A major retailer learned this recently. In attempting to influence shopping patterns, the retailer analyzed their customers' shopping from purchase data. Analysis suggested that when a couple becomes pregnant, they are likely to shift their shopping patterns. So the retailer used data analytics to determine by correlation if particular customers were likely to be pregnant. Targeted advertisements were sent to those people as part of an effort to get them to come into the store.

That was fine until an irate father discovered, because of the marketing effort, that his teenage daughter was pregnant—something she had chosen not disclose to her father.
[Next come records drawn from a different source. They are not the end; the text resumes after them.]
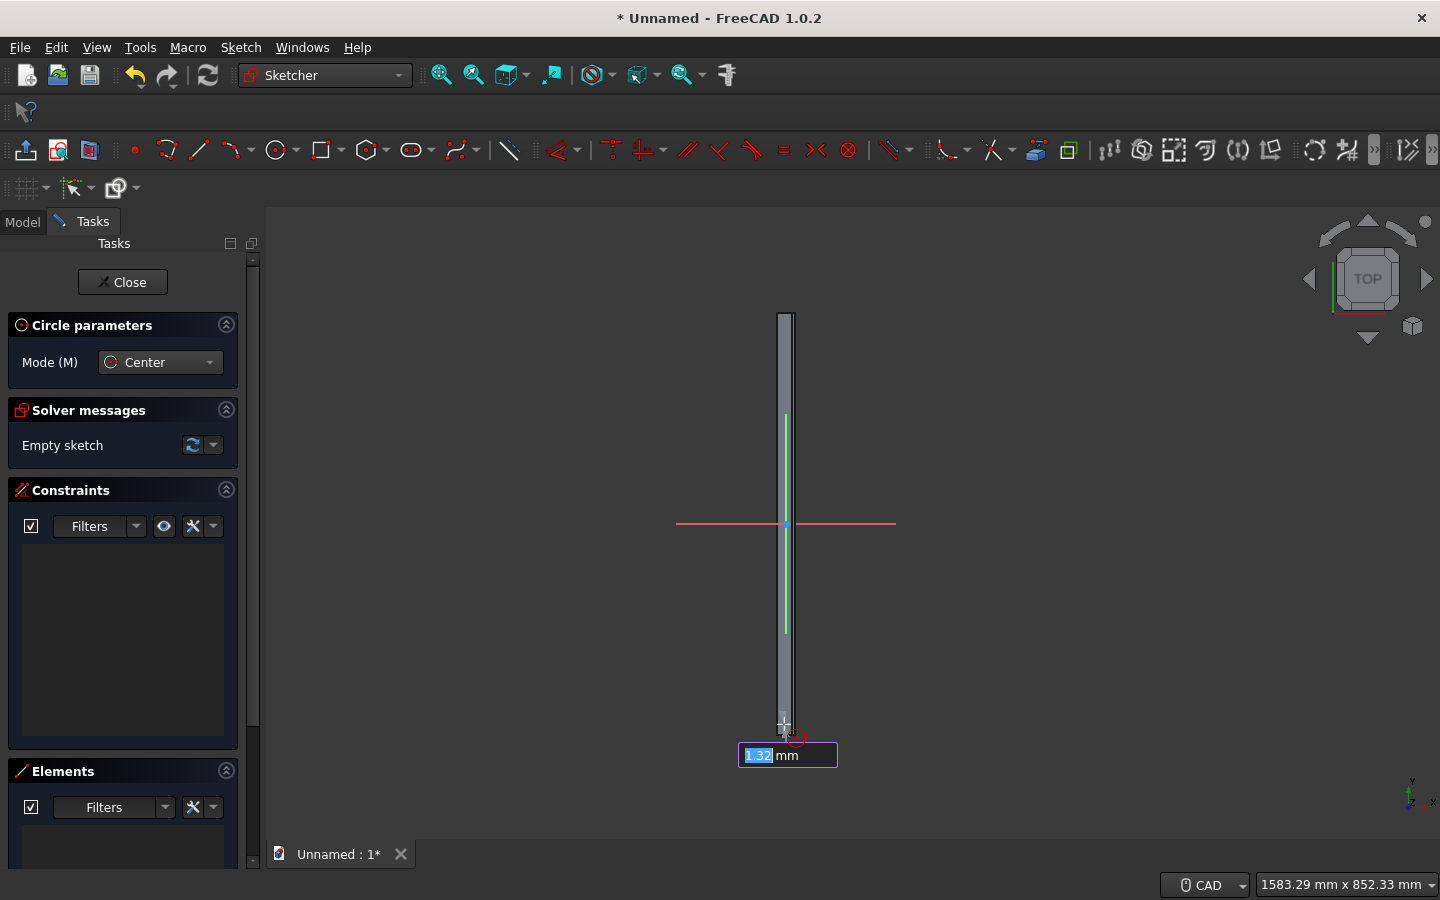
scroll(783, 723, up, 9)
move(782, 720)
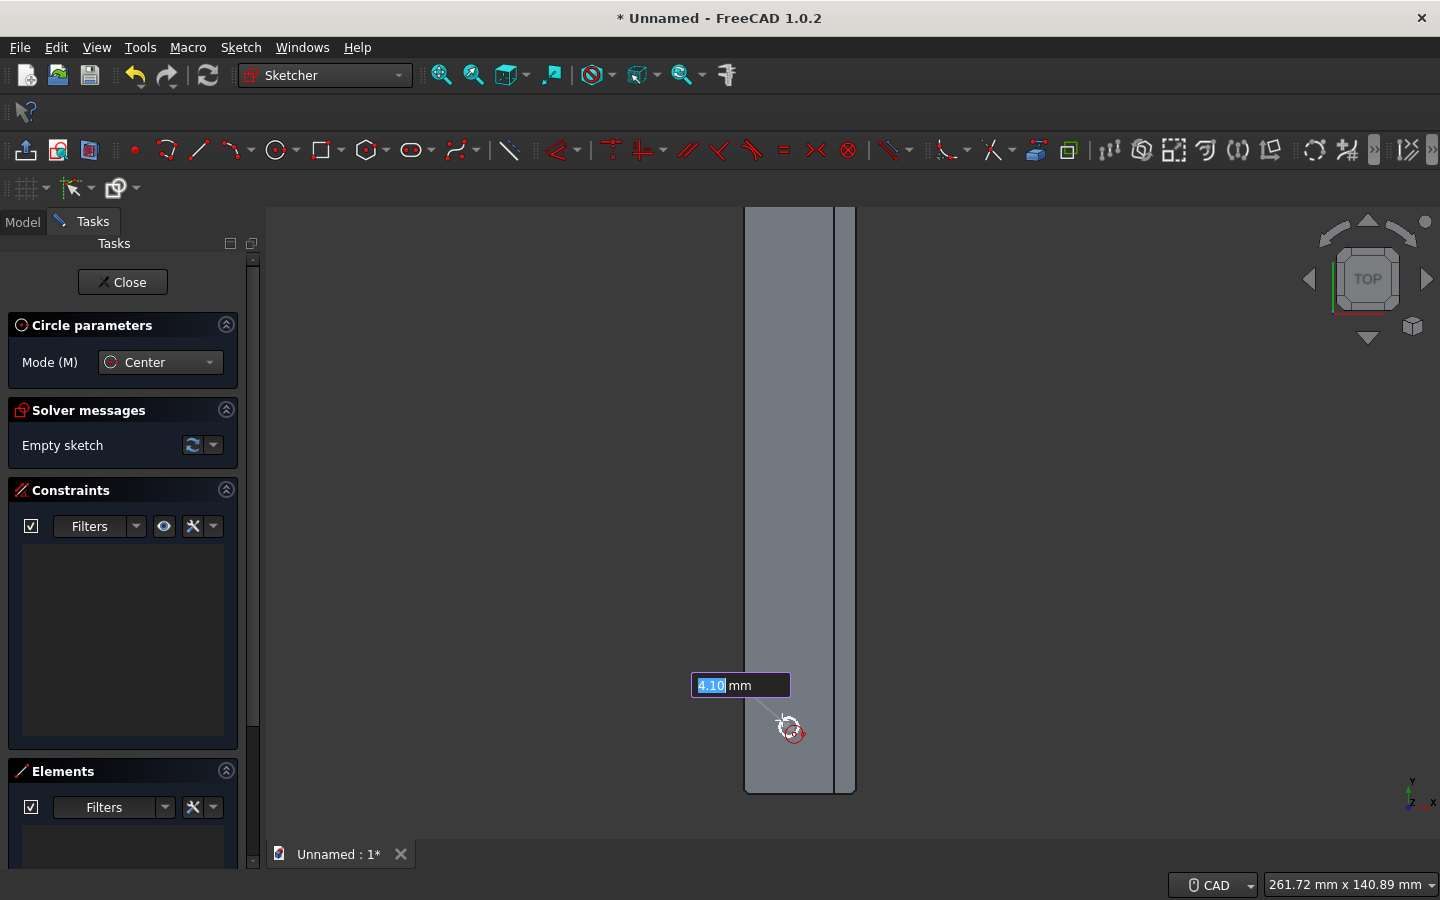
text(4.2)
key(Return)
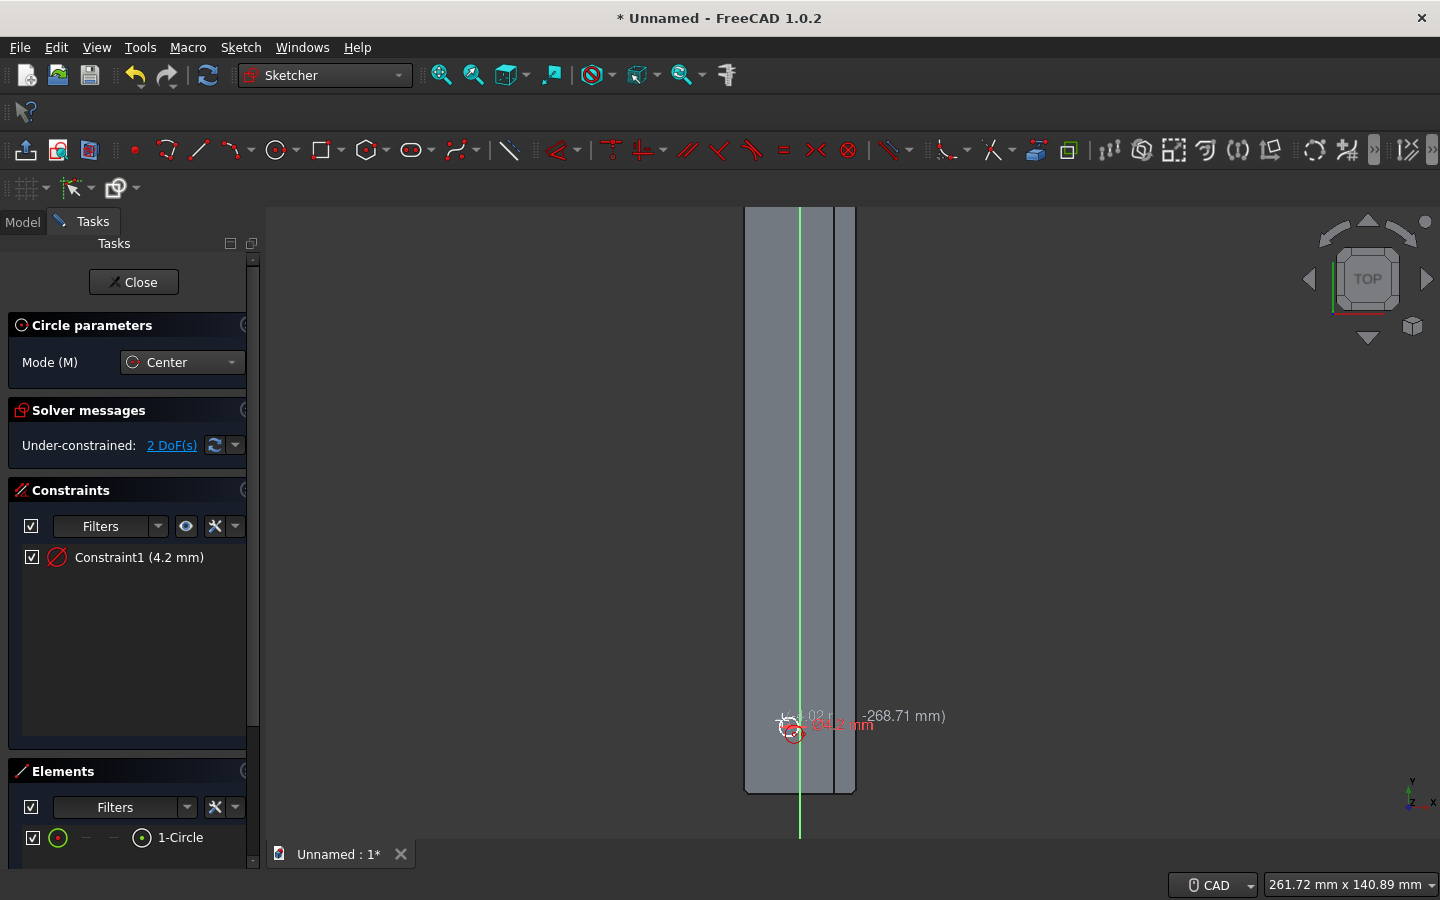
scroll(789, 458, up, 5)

So how far is too far when using Big Data tools to assemble customer profiles and to provide personalized services or marketing?  Just because a company has in its possession massive amounts of data to make use of doesn't necessarily mean that it needs to, or should.

Internal audit and compliance in its assurance activities can assist an organization in achieving the balance between useful targeting and activities that raise privacy concerns or other inappropriate uses that Big Data can motivate. Organizations need to be aware of and sensitive to privacy restrictions, and to be careful about aggregation and dissemination of this information.

Talent Management

Along with the organization itself, chief audit executives should be mindful that finding the right talent to analyze Big Data will be a significant challenge. Currently, most companies have a shortage of employees with strong statistical skills and a deep understanding of the company's business. Organizations will have to focus on data science, and on hiring statistical modelers, text-mining professionals, and specialists knowledgeable in sentiment analysis.

Without the right people, decisions based on automated reports and analysis from Big Data can prove faulty. Some believe that the talent gap has to do more with collaboration and bringing varying disciplines together. Implementation of Big Data is expected to build competence as the need for expertise is recognized. Internal audit shops should start identifying skill sets and competencies that can be recruited to supplement current use of data analysts.

Internal auditors can proceed cautiously as the power of Big Data is still in its early stages. However, companies are eyeing the tipping point when the value in Big Data exceeds the cost of obtaining that data. And that tipping point will arrive as the cost of tools comes down and the value becomes more apparent—auditors and other assurance professionals need to be ready.